# Exploratory Data Analysis (EDA) Overview

**What is EDA?**  
Exploratory Data Analysis (EDA) is the process of analyzing data sets to summarize their main characteristics, often using visual methods. It is a critical step in understanding the structure of your data, uncovering patterns, spotting anomalies, and testing hypotheses before applying formal modeling techniques.

**Dataset Used:**  
We are working with the **Iris dataset**, a well-known dataset in data science that includes measurements (sepal length, sepal width, petal length, petal width) for 150 iris flowers, along with their species classification.

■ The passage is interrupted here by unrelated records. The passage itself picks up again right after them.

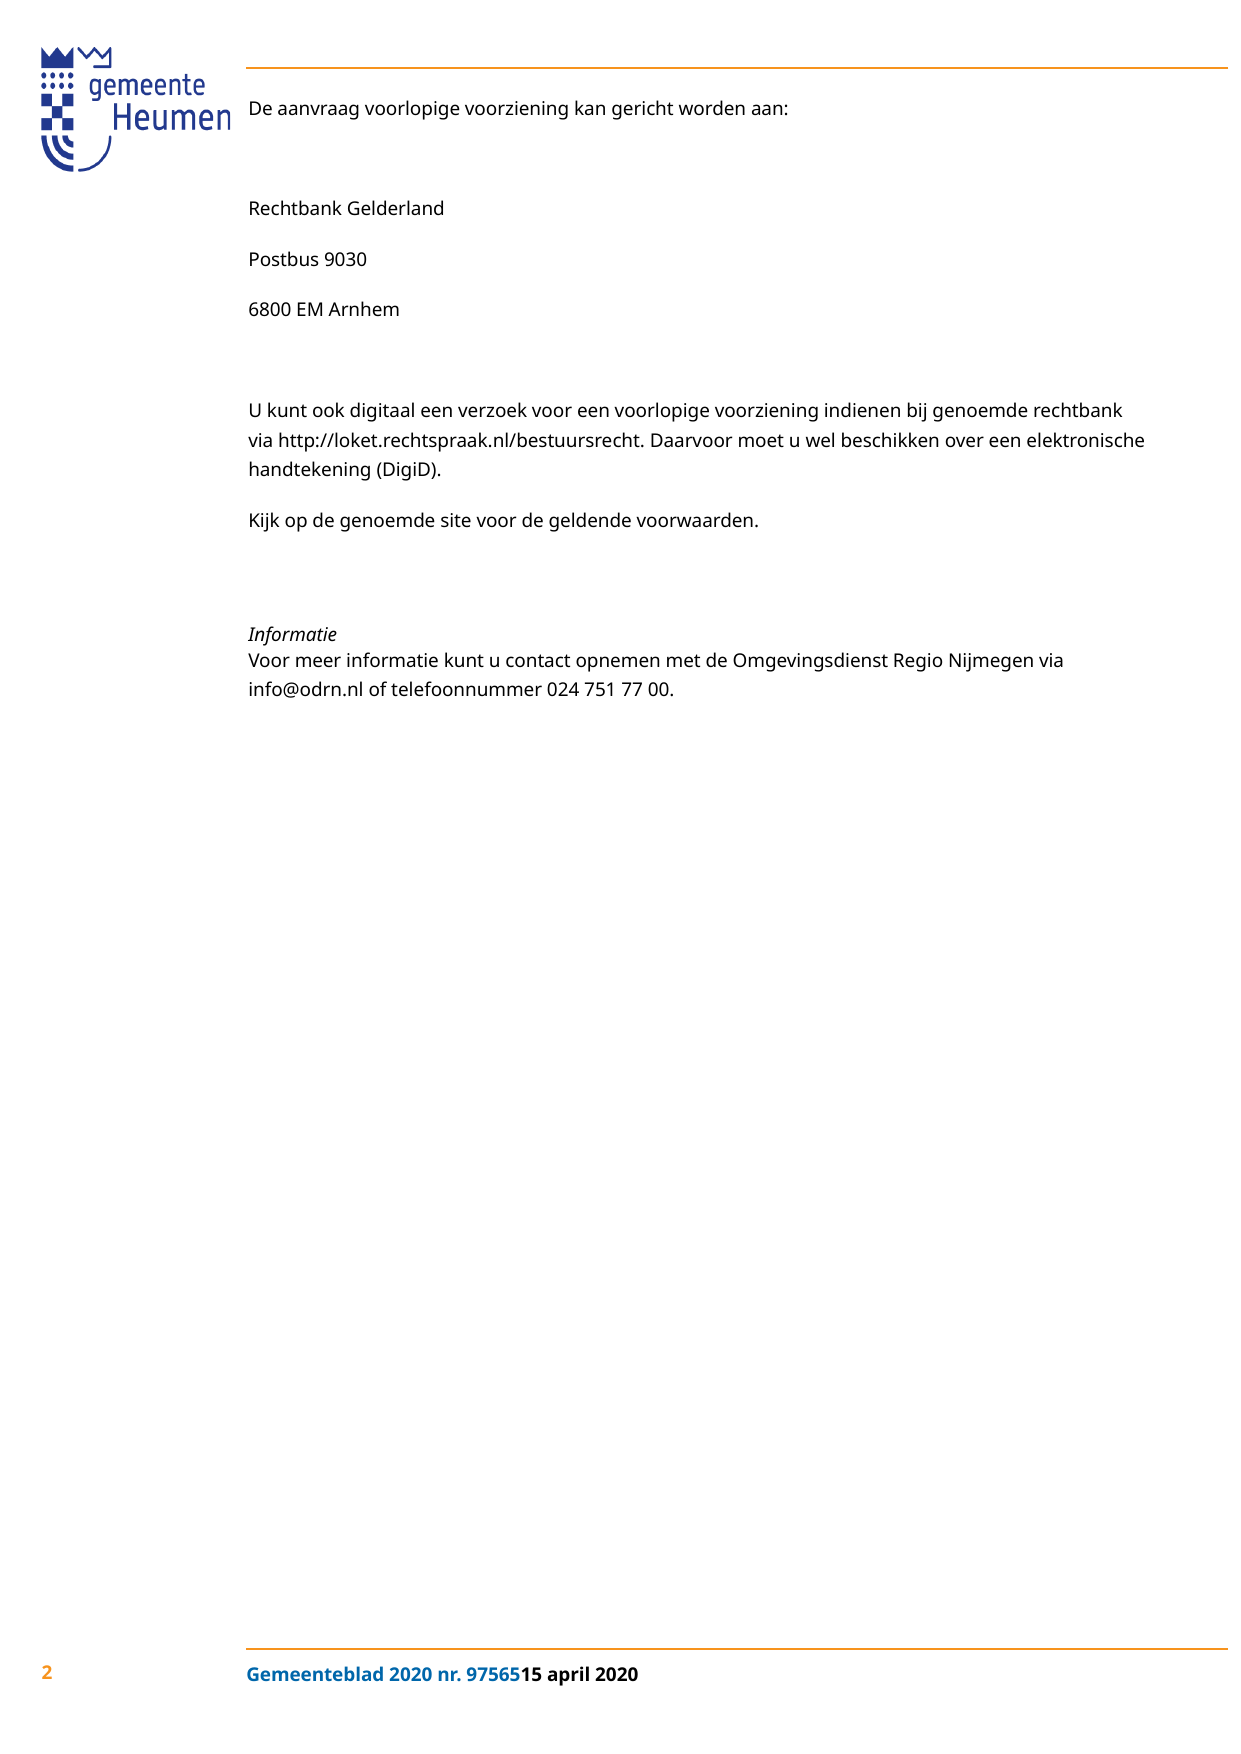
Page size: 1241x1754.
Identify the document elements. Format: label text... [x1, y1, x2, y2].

text U kunt ook digitaal een verzoek voor een voorlopige voorziening indienen bij genoemde rechtbank via http://loket.rechtspraak.nl/bestuursrecht. Daarvoor moet u wel beschikken over een elektronische handtekening (DigiD). [248, 397, 1152, 482]
text De aanvraag voorlopige voorziening kan gericht worden aan: [248, 95, 1152, 121]
text Rechtbank Gelderland [248, 196, 1152, 221]
picture [41, 47, 231, 172]
text Kijk op de genoemde site voor de geldende voorwaarden. [248, 507, 1152, 533]
text Informatie [248, 621, 1152, 647]
text Postbus 9030 [248, 246, 1152, 272]
text 6800 EM Arnhem [248, 296, 1152, 322]
text Voor meer informatie kunt u contact opnemen met de Omgevingsdienst Regio Nijmegen via info@odrn.nl of telefoonnummer 024 751 77 00. [248, 647, 1152, 702]
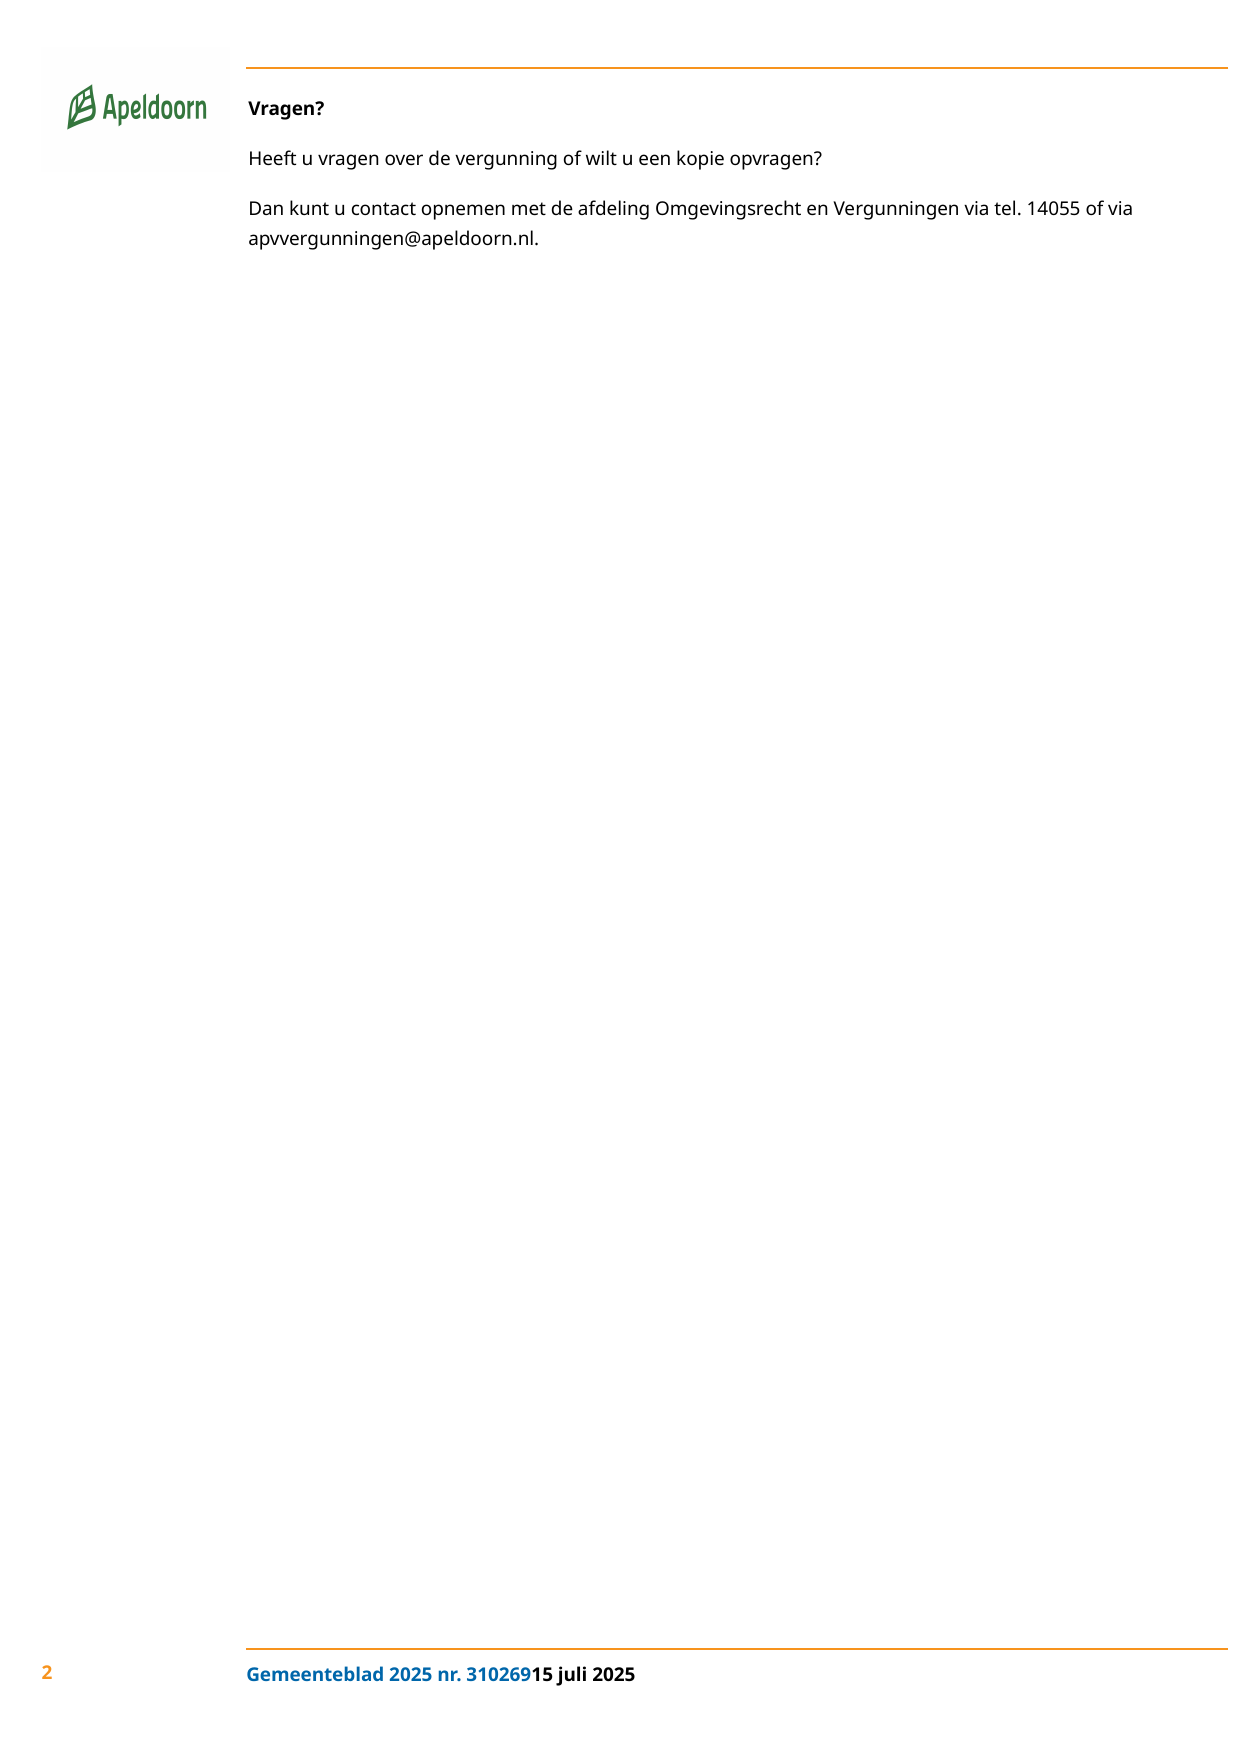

This dataset is ideal for demonstrating various EDA techniques because of its simplicity and multiple variable types.


## Measures of Central Tendency, Variance, and Standard Deviation
  
These measures help summarize and describe the main features of a dataset:
- **Central Tendency:** Gives a central value for the data.
- **Variability:** Shows how much the data values differ from the central value.

**Formulas:**

1. **Mean (Average):**
   $$ \bar{x} = \frac{1}{n} \sum_{i=1}^{n} x_i $$
   *Gives the average value of all observations.*

2. **Median:**  
   The middle value when the data is sorted.  
   *Useful when the data has outliers, as it is more robust than the mean.*

3. **Mode:**  
   The most frequently occurring value in the dataset.

4. **Variance:**  
   $$ \sigma^2 = \frac{1}{n-1} \sum_{i=1}^{n} (x_i - \bar{x})^2 $$
   *Measures the spread of the data around the mean.*

5. **Standard Deviation:**  
   $$ \sigma = \sqrt{\sigma^2} $$
   *Provides the dispersion in the same units as the data.*


In [None]:
import pandas as pd
import numpy as np
import seaborn as sns

# Load the Iris dataset
iris = sns.load_dataset('iris')

# Display first few rows of the dataset
print("Iris Dataset Head:")
print(iris.head())

# Calculate central tendency measures for the 'sepal_length' column
mean_val = iris['sepal_length'].mean()
median_val = iris['sepal_length'].median()
mode_val = iris['sepal_length'].mode()[0]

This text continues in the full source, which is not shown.